Flag this at booking and again on day one. Operators handle common restrictions well — vegetarian, gluten-free, dairy-free, nut allergy. Serious nut allergies on trips to Morocco or Thailand need specific pre-planning because these cuisines use nuts heavily and cross-contamination risk is real. Carry your own EpiPen supply and a translated allergy card; leaders will coordinate with restaurants in advance. Kosher and halal are harder outside countries where these are standard and may require a specialist operator.

How do I keep teenagers engaged on a family tour?

Pick a trip with a physical or skill component.
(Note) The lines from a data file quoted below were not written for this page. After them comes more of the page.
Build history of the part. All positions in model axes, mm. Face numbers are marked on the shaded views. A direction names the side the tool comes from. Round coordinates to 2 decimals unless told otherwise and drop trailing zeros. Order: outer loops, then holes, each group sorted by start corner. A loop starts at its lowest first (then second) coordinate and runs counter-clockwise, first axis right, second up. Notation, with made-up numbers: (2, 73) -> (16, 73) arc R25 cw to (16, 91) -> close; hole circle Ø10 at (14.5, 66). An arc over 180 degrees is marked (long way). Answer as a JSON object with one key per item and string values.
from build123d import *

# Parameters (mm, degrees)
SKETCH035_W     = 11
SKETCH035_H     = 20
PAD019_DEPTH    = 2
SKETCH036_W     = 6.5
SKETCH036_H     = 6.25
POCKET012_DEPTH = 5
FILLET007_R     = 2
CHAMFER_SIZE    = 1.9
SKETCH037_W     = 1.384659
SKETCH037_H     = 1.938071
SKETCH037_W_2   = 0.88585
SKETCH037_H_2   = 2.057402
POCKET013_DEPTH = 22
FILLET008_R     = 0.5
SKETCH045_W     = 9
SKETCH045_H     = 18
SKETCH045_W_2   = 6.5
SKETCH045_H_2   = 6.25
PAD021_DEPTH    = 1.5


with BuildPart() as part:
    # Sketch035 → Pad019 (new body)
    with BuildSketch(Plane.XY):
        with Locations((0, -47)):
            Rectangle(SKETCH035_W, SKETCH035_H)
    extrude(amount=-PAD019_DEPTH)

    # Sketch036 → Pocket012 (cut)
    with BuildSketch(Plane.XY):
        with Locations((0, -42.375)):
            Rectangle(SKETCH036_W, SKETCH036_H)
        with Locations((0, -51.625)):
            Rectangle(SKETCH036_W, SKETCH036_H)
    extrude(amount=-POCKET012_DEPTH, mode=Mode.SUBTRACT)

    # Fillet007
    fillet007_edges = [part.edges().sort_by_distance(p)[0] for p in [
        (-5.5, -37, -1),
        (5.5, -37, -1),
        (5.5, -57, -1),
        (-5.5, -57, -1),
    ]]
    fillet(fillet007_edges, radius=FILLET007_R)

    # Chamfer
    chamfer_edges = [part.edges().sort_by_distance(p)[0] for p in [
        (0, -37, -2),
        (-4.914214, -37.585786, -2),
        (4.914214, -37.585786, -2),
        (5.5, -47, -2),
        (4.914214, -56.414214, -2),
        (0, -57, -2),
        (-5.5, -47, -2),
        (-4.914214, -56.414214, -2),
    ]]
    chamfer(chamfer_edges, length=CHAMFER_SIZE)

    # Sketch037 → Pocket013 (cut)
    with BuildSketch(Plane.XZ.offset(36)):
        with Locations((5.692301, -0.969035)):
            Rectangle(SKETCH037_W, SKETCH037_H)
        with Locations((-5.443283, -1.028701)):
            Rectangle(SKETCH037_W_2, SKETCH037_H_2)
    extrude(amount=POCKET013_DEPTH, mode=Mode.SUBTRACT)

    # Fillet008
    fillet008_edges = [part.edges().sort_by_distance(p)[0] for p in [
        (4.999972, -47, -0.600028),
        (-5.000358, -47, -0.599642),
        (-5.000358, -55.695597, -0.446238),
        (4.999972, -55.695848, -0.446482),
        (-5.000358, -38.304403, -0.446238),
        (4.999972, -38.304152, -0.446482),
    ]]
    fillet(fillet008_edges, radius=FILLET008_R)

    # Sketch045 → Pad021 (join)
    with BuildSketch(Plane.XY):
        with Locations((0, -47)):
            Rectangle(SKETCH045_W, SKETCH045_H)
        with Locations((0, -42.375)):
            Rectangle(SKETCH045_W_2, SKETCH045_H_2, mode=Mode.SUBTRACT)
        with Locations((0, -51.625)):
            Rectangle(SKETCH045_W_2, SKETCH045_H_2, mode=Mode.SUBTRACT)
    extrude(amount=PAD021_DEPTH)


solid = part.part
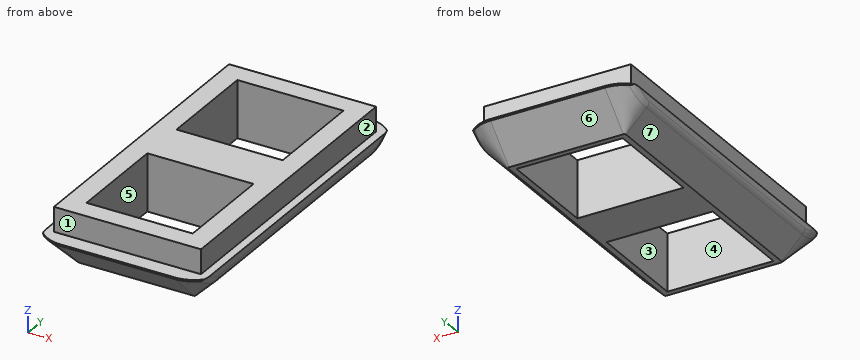
1) Flat gauge pins, fed straight in: pin 1 Ø1.5 at (x, z) = (0.5, -1.5) entering from -Y; pin 2 Ø6 at (x, y) = (1, -45) entering from -Z; pin 3 Ø1.5 at (x, z) = (2, -1) entering from -Y; pin 4 Ø1.2 at (x, z) = (0.5, 1) entering from +Y. Where does each tip first touch, or does it go through?
Checked values:
{"pin 1": "stops at y = -56.35", "pin 2": "stops at z = -2", "pin 3": "stops at y = -56.85", "pin 4": "stops at y = -38"}
2) Cut at C-C, the plane y = -54. Give the cut face in (x, z), plus the area to 3 significant figures.
Checked values:
{"outline": "(-5, -0.39) arc R0.5 ccw to (-4.85, -0.75) -> (-3.6, -2) -> (-3.25, -2) -> (-3.25, 1.5) -> (-4.5, 1.5) -> (-4.5, 0) -> (-5, 0) -> close; (3.25, -2) -> (3.6, -2) -> (4.85, -0.75) arc R0.5 ccw to (5, -0.39) -> (5, 0) -> (4.5, 0) -> (4.5, 1.5) -> (3.25, 1.5) -> close", "area": "8.78 mm²"}
3) Cut at D-D, the plane y = -47.75. Give the cut face in (x, z).
Checked values:
{"outline": "(-5, -0.39) arc R0.5 ccw to (-4.85, -0.75) -> (-3.6, -2) -> (3.6, -2) -> (4.85, -0.75) arc R0.5 ccw to (5, -0.39) -> (5, 0) -> (4.5, 0) -> (4.5, 1.5) -> (-4.5, 1.5) -> (-4.5, 0) -> (-5, 0) -> close"}
4) Pull direction Y, two halves, no side cores. Call the marked faces 4, 5, 6 and 7: pulls with the +Y half, pulls with the -Y half, needs draft (parallel to the pull), parting line crosses it, or undercut.
Checked values:
{"face 4": "undercut", "face 5": "undercut", "face 6": "pulls with the +Y half", "face 7": "needs draft"}
5) Cut at B-B, the plane z = -1. Give the cut face in (x, y).
Checked values:
{"outline": "(-4.6, -55) arc R1.1 ccw to (-3.5, -56.1) -> (3.5, -56.1) arc R1.1 ccw to (4.6, -55) -> (4.6, -39) arc R1.1 ccw to (3.5, -37.9) -> (-3.5, -37.9) arc R1.1 ccw to (-4.6, -39) -> close; hole (-3.25, -54.75) -> (3.25, -54.75) -> (3.25, -48.5) -> (-3.25, -48.5) -> close; hole (-3.25, -45.5) -> (3.25, -45.5) -> (3.25, -39.25) -> (-3.25, -39.25) -> close"}
6) Probe L1, parallel to Y at x = 1.75, z = -0.7; L2, parallel to Y at x = 1.5, z = 0.2; L3, parallel to X at y = -54, z = 0.35. List the from-to ranges inside material, lowest first. Write a range as from..to.
Checked values:
{"L1": "y = -56.4..-54.75, -48.5..-45.5, -39.25..-37.6", "L2": "y = -56..-54.75, -48.5..-45.5, -39.25..-38", "L3": "x = -4.5..-3.25, 3.25..4.5"}
7) Cut at A-A, the plane x = 1.5. Give the cut face in (y, z), plus the area to 3 significant figures.
Checked values:
{"outline": "(-57, -0.1) -> (-55.1, -2) -> (-54.75, -2) -> (-54.75, 1.5) -> (-56, 1.5) -> (-56, 0) -> (-57, 0) -> close; (-48.5, -2) -> (-45.5, -2) -> (-45.5, 1.5) -> (-48.5, 1.5) -> close; (-39.25, -2) -> (-38.9, -2) -> (-37, -0.1) -> (-37, 0) -> (-38, 0) -> (-38, 1.5) -> (-39.25, 1.5) -> close", "area": "19.6 mm²"}
8) Which spindle directions (+Z, -Z, +X, -X, +Y, -Y) get a long thin tool onto all of the face, cutting with end or side? Do the marked faces 1, 2 and 3. Say none if no direction does.
Checked values:
{"face 1": "+Z, +X, -X, -Y", "face 2": "+Z, +X, +Y, -Y", "face 3": "+Z, -Z"}

A Costa Rica surfing-and-wildlife week, an Iceland glacier-and-geothermal adventure, or a volunteer-inclusive Nepal trip will hold a teenager's attention far better than a culture-focused Italy loop. Teens also do well on mixed departures where other teens are on the trip — ask the operator about the age range before committing. If your teen is the only one in that age bracket, consider a small group tour (adult) instead; 15-17 is the overlap age where adult tours often work better than family-labelled ones.

Is the pace fast enough for parents who travel without kids normally?

Honestly, no, not always. Family tours are intentionally slower than adult small group tours, with shorter walking distances, more pool time, and earlier evenings. This is a feature not a bug when you are with kids. If you want a child-friendly trip that still has adult-tempo days, look at operators like Exodus Family Adventures or Much Better Adventures family departures — both skew more active and less gentle than the big mainstream lines. Read the daily-itinerary descriptions closely; they tell you what pace to expect.